What expectations do the authors have about the levels of cell-free mitochondrial DNA in serum and the correlation with the levels found in BAL?
Author Response
Answers to the reviewers
The authors would like to thank the reviewers for their excellent suggestions and efforts to increase the quality of our work. The abstract and the manuscript were carefully revised by following the suggested improvement proposals. The authors substantially increased the quality of the manuscript and hope to comply now to the requirements of “Journal of Clinical Medicine”.
Reviewer 2:
Reviewer´s remark:
The work presented by Schneck et al. reports the potential role of cell-free mitochondrial DNA in CLAD patients after lung transplantation.
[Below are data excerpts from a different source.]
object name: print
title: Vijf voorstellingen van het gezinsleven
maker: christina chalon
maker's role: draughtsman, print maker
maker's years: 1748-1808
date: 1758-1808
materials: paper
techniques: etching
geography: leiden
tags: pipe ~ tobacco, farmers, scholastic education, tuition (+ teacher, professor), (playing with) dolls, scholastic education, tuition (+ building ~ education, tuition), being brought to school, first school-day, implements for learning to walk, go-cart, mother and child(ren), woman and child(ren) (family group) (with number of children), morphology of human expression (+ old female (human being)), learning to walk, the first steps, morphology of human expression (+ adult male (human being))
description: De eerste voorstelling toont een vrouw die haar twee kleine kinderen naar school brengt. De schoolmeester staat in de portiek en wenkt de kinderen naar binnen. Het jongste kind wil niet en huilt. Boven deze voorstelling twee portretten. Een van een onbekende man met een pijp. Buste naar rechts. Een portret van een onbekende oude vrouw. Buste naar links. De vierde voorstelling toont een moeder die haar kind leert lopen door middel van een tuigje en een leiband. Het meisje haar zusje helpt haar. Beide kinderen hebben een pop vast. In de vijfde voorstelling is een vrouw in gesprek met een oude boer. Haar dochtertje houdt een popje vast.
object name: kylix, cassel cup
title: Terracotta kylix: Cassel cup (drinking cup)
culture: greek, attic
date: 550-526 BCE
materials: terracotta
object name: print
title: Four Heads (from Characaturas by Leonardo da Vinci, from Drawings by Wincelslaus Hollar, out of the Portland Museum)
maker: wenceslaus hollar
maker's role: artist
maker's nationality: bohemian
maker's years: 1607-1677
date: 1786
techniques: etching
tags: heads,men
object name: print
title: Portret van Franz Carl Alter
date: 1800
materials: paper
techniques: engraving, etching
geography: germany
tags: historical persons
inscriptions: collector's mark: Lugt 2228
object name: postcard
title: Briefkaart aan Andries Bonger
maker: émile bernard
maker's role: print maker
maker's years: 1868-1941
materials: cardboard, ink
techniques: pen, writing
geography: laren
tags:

The work is well written, the methodology appears correct and the results are original and interesting.
Specific minor comments:
The patients included were affected by CLAD. It is not reported how many were affected by BOS and how many by RAS. These two conditions are different from each other and different mechanisms could underlie the two conditions.
Answer:
Thank you for this important aspect. We had only two RAS patients in the study cohort and added the following sentence in the results section:
“Only two patients suffered from RAS in the study cohort.”
Reviewer´s remark:
In the discussion the authors should try to interpret the reasons why they found no differences in cell-free mitochondrial DNA in patients with ACR.
Answer:
The authors agree and include the following sentence to the discussion:
“Interestingly, ND1-mtDNA BAL levels were not associated to acute rejection of the transplanted lung. In general, the release of mtDNA, neutrophil extracellular traps, and other DAMPs are closely connected to the early inflammatory response after lung transplantation including also acute organ rejection [23]. For example, a recent study showed a positive correlation between primary graft dysfunction and the amount mtDNA deriving of the perfusion fluid of donor lung [24]. Another study revealed a mtDNA-induced activation of neutrophil extracellular traps via the toll-like receptor 9-pathway in transplanted lungs [18]. The opposing findings of our study remain unclear because the underlying measurement techniques did not differ between patients suffering from primary graft dysfunction or CLAD. To the knowledge of the authors, BAL-derived ND1-mtDNA has not yet been specifically evaluated in the context of CLAD, which might indicate that it offers differing distributive pattern during primary graft rejection. For this reason, future studies must clarify how ND1-mtDNA is released into the plasma and alveolar space, not only during acute organ rejection but also during CLAD.”
Reviewer´s remark:
What expectations do the authors have about the levels of cell-free mitochondrial DNA in serum and the correlation with the levels found in BAL?
Answer:
This is an interesting question, which must be addressed by prospective studies. Unfortunately, the authors did not have blood samples of the included patients making further measurements not feasible. Since ND1-mtDNA was yet not quantified in the blood of patients suffering from CLAD, their kinetics remain speculative. However, the assumption of increased plasma mtDNA levels might be reasonable indicated by the occurring inflammatory response which was shown in the lungs. For this reason, this important issue is mentioned in the same section as the prior comment (please see answer above).